R writing style - require vs. ::


"Why should one prefer require over ::
when writing a function?"

I usually prefer require due to the nice TRUE/FALSE return value that lets me deal with the possibility of the package not being available up front before getting into the code. Crash as early as possible instead of halfway through your analysis.

I only use :: when I need to make sure I am using the correct version of a function, not a version from some other package that is masking the name.

On the other hand, :: operator gets
the variable from the package, while
require loads whole package (at least
I hope so), so speed differences came
first to my mind. :: must be faster
than require.

I think you may be ignoring the effects of lazy loading which is used by the foreign package according to the first page of its manual.

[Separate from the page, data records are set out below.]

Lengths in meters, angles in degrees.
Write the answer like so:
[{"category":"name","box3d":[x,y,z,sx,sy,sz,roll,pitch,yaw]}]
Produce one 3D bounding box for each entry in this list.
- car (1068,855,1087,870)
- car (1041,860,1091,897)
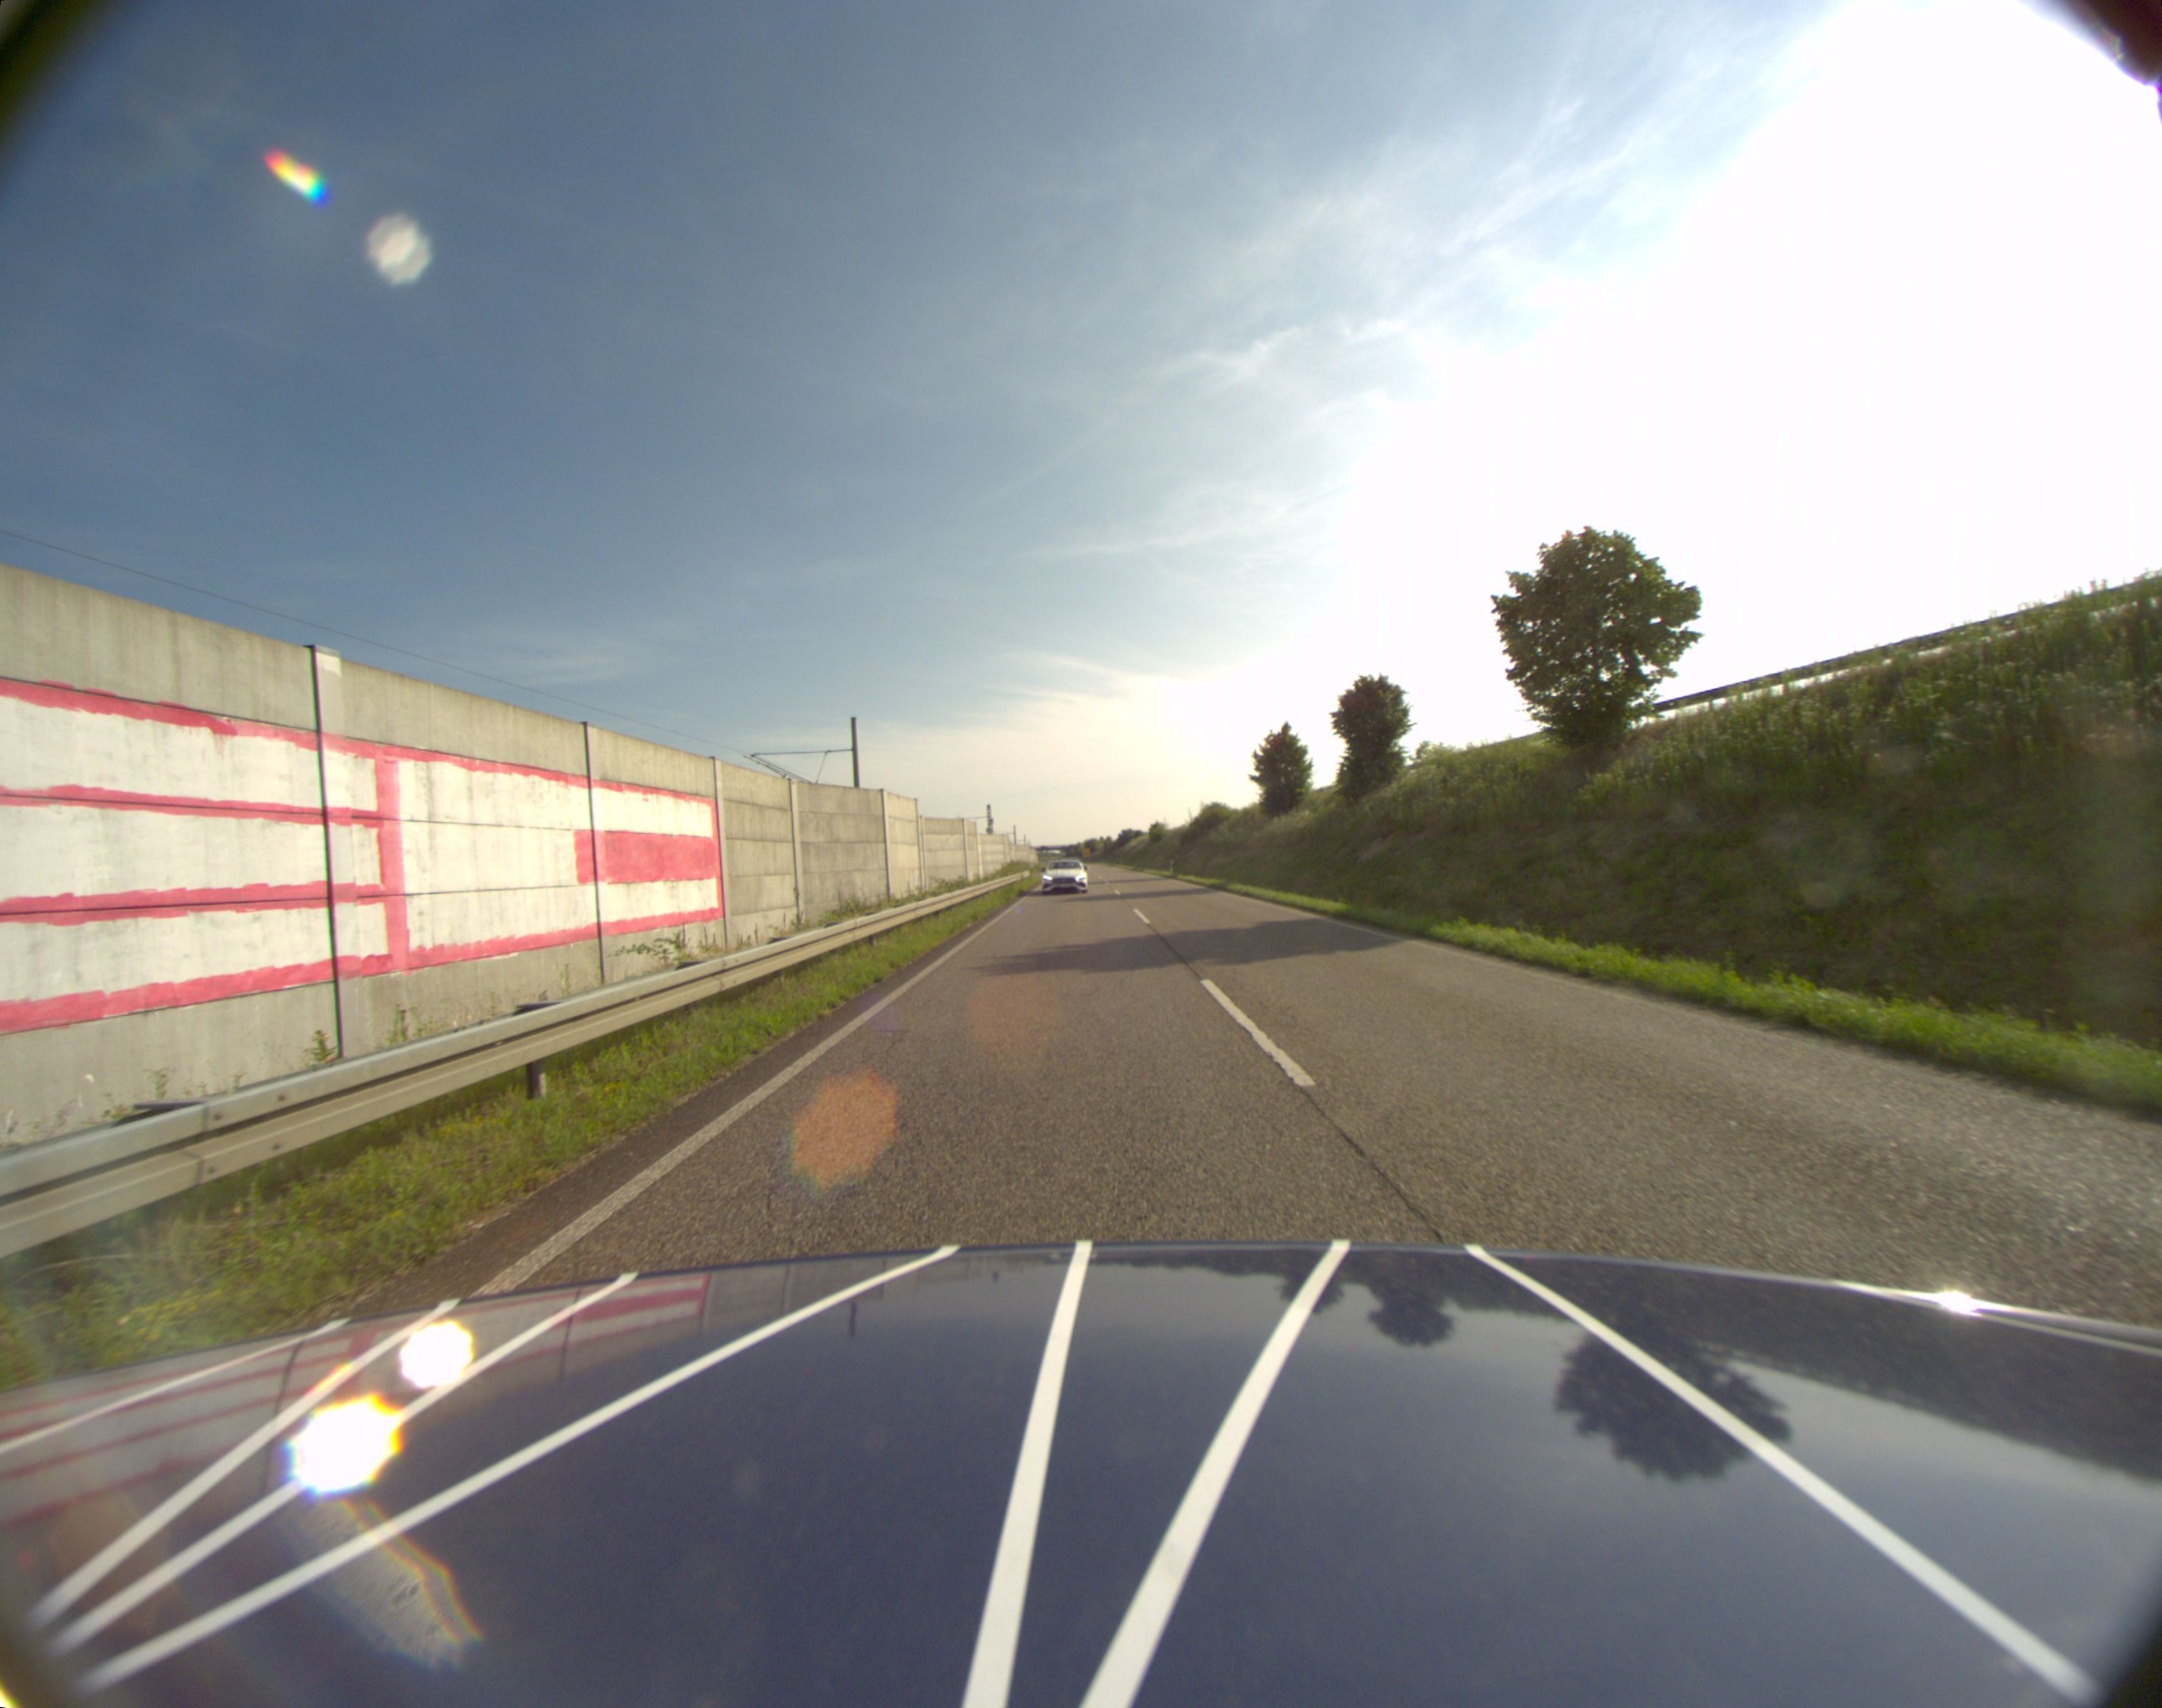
[{"category":"car","box3d":[-0.344,0.905,80.893,1.930,1.399,4.973,-1,1,0]},{"category":"car","box3d":[-0.646,0.994,32.970,1.930,1.398,4.974,-2,0,-1]}]
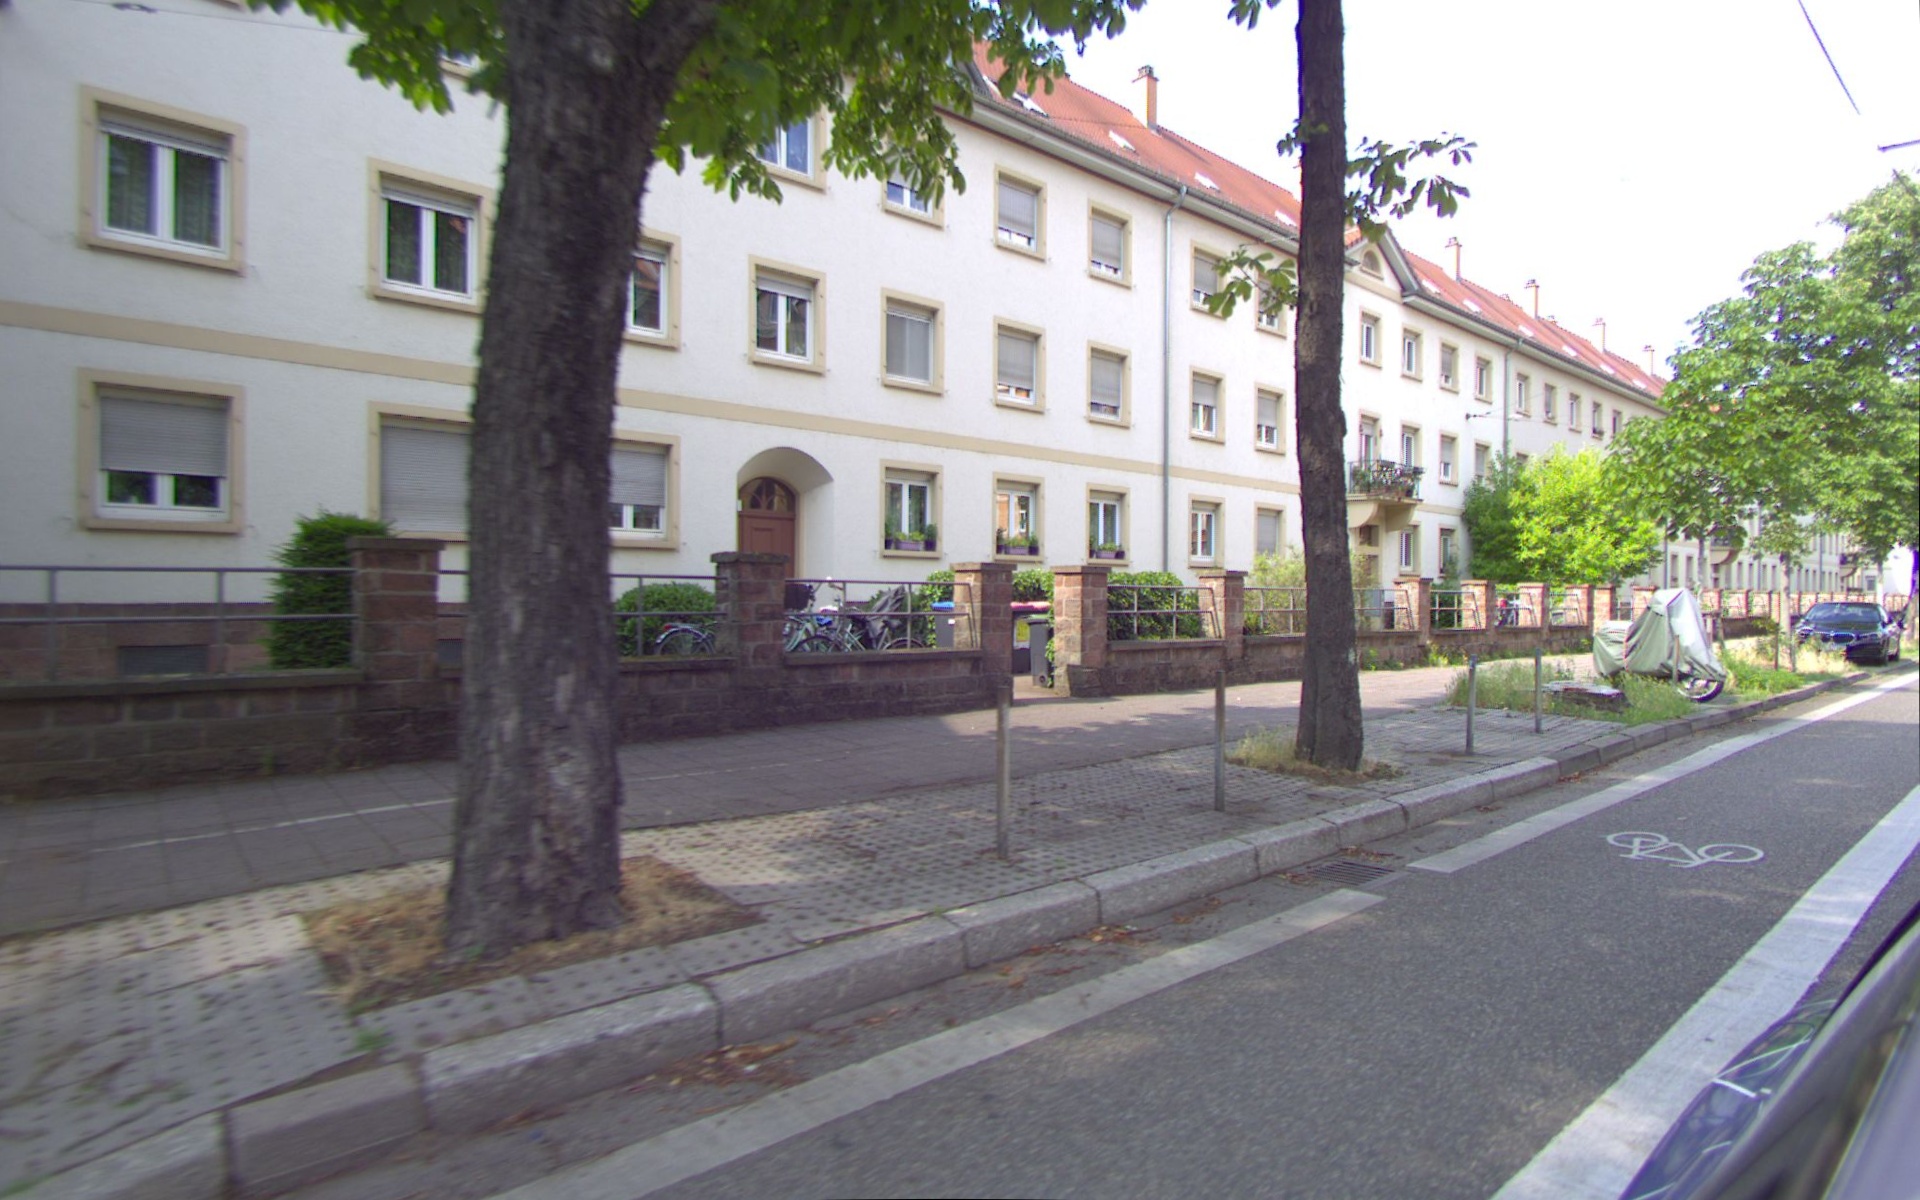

Essentially, packages that use lazy loading defer the loading of objects, such as functions, until the objects are called upon for the first time. So your argument that ":: must be faster than require" is not necessarily true as foreign is not loading all of its contents into memory when you attach it with require. For full details on lazy loading, see Prof. Ripley's article in RNews, Volume 4, Issue 2.

Namespaces without packages

I’ve implemented a comprehensive solution and published it as a package, ‘box’.

Internally, ‘box’ modules uses an approach similar to packages; that is, it loads the code inside a dedicated namespace environment and then exports selected symbols into a module environment which is returned to the user, and optionally attached. The main difference to packages is that modules are more lightweight and easier to write (each R file is its own module), and can be nested.

Usage of the package is described in detail on its website.